I finally landed in Newport close to 8 PM, once again pretty tired from a long day. I maybe diddle daddled a bit too much in Seaside which made for a more exhausting final stretch. However, in this final stretch I did fit in a stop at the cheese factory in Tillamook and sampled some cheese, toured the factory and treated myself to some German Chocolate Cake ice cream. When I arrived in Newport, it was like arriving to a little piece of heaven, just a block from the beach. The warm shower was divine, then I chatted with my host for an hour or so over some nice wine and some delicious fritters she had made. Then off to bed (not couch!) in a room of my own! It felt like I was staying in a quaint little B & B, but for free!

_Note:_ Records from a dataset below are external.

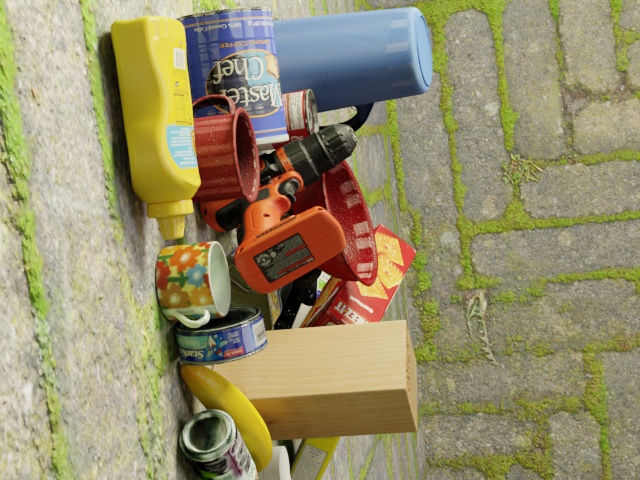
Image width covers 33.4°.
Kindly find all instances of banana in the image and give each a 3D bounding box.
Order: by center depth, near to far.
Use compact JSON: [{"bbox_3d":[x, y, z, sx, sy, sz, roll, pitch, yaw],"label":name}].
[{"bbox_3d":[-0.087,0.187,1.074,0.198,0.070,0.037,74,33,-49],"label":"banana"}]

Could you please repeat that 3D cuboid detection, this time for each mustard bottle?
[{"bbox_3d":[-0.141,-0.096,0.941,0.096,0.058,0.191,-28,112,-80],"label":"mustard bottle"}]

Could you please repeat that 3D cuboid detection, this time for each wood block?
[{"bbox_3d":[-0.004,0.153,1.141,0.090,0.206,0.091,72,16,-49],"label":"wood block"}]

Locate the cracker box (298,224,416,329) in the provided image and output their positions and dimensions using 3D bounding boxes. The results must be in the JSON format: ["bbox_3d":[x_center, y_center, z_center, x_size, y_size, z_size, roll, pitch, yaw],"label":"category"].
[{"bbox_3d":[0.026,0.096,1.366,0.164,0.072,0.213,-51,-178,37],"label":"cracker box"}]

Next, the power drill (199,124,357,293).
[{"bbox_3d":[-0.030,-0.037,1.075,0.057,0.184,0.188,56,6,-28],"label":"power drill"}]

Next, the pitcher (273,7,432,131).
[{"bbox_3d":[0.016,-0.216,1.359,0.149,0.243,0.145,40,47,-66],"label":"pitcher"}]

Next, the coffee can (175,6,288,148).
[{"bbox_3d":[-0.093,-0.168,1.125,0.102,0.103,0.140,-40,124,-78],"label":"coffee can"}]

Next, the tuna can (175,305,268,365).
[{"bbox_3d":[-0.095,0.090,1.018,0.086,0.086,0.034,-54,135,-75],"label":"tuna can"}]

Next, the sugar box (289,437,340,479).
[{"bbox_3d":[0.011,0.241,1.411,0.093,0.048,0.176,-60,175,-73],"label":"sugar box"}]

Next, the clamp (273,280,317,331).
[{"bbox_3d":[-0.024,0.045,1.380,0.120,0.039,0.171,-49,-162,45],"label":"clamp"}]

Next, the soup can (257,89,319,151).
[{"bbox_3d":[-0.058,-0.145,1.305,0.068,0.102,0.068,-6,90,-80],"label":"soup can"}]

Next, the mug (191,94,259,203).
[{"bbox_3d":[-0.110,-0.090,1.043,0.093,0.081,0.117,59,27,-66],"label":"mug"}]

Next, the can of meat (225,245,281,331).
[{"bbox_3d":[-0.079,0.057,1.206,0.084,0.057,0.102,-58,141,-76],"label":"can of meat"}]

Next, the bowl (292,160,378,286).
[{"bbox_3d":[0.012,-0.019,1.212,0.162,0.055,0.162,-17,90,-73],"label":"bowl"}]
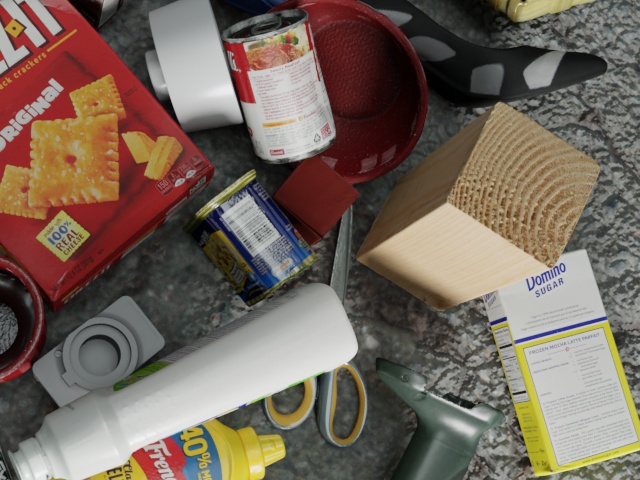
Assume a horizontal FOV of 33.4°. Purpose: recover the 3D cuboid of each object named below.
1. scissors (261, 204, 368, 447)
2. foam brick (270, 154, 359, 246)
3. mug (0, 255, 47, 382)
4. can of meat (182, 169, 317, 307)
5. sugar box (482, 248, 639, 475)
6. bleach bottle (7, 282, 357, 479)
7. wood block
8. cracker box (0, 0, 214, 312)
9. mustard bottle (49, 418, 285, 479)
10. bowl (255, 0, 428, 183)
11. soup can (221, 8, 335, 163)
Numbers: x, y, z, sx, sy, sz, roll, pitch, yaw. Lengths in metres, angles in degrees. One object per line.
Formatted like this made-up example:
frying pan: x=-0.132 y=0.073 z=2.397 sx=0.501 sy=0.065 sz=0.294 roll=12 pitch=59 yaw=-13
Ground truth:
scissors: x=-0.007 y=0.070 z=0.875 sx=0.096 sy=0.016 sz=0.202 roll=-4 pitch=79 yaw=-16
foam brick: x=-0.012 y=-0.029 z=0.862 sx=0.053 sy=0.078 sz=0.051 roll=42 pitch=73 yaw=-3
mug: x=-0.254 y=0.067 z=0.772 sx=0.117 sy=0.081 sz=0.093 roll=-28 pitch=84 yaw=-12
can of meat: x=-0.055 y=0.001 z=0.832 sx=0.057 sy=0.102 sz=0.084 roll=-38 pitch=92 yaw=-18
sugar box: x=0.204 y=0.103 z=0.909 sx=0.093 sy=0.048 sz=0.176 roll=-12 pitch=78 yaw=-17
bleach bottle: x=-0.101 y=0.108 z=0.767 sx=0.250 sy=0.103 sz=0.068 roll=-24 pitch=89 yaw=-23
wood block: x=0.114 y=-0.018 z=0.824 sx=0.090 sy=0.206 sz=0.090 roll=31 pitch=72 yaw=-7
cracker box: x=-0.212 y=-0.078 z=0.822 sx=0.164 sy=0.072 sz=0.213 roll=-41 pitch=90 yaw=-18
mustard bottle: x=-0.119 y=0.178 z=0.799 sx=0.191 sy=0.058 sz=0.096 roll=-12 pitch=68 yaw=-17
bowl: x=0.017 y=-0.130 z=0.873 sx=0.162 sy=0.162 sz=0.055 roll=42 pitch=35 yaw=-3
soup can: x=-0.030 y=-0.119 z=0.823 sx=0.068 sy=0.069 sz=0.102 roll=-24 pitch=116 yaw=-18

Hitting the jackpot with a luxury “couch” in Newport

This morning I got a bit of an earlier start, or at least felt more organized when I left. I continued south on the beautiful Hwy 101. My first stop was for coffee about 25 miles down the road at a place called the Green Salmon. It was really good and was just the kind of start I needed. They also had a cute little used book exchange. What a great idea! You could buy a book for $4 or exchange one for $2. I was tempted, but restrained myself, after all I already have a handful of books loaded in my saddlebags. Aside from gas, my next memorable stop was at the farmers’ market in Coos Bay where I had my first strawberries (other than the handful I had at Foxglove before I left) and had a nice chat with a man at the master gardeners booth where they offer free gardening advice – another great idea! A few more miles down the road (with plenty of singing, and even making up a few songs of my own!) and I stopped at McDonald’s for wi-fi to check in with my host and a Reese McFlurry. While I was sitting outside on my phone, a man drove up next to me and called me over. I went over and he handed me a wad of bills. He said, “I don’t know why, but I feel I should give you something. I hope this gets you a few more miles down the road.” After he left, I counted it and the bills totaled $51. Wow! That’s over two days worth of gas! And now, here I am in Crescent City, California! It feels great to be in California, but I must admit that the Oregon Coast is absolutely stunning and doesn’t get the appreciation it deserves! I can’t believe I had contemplated skipping the coast and going through Portland instead. My only problem is trying to look to the beautiful scenery while also watching the road!

Despite my best efforts at regular sunscreen re-application, I can feel the warmth of my sunkissed cheeks. I can also feel the slight ache in my lower back that is calling out for more yoga. But more on the pains and pleasures of motorcycling later. For now, I’m just living the dream. So, please don’t wake me up!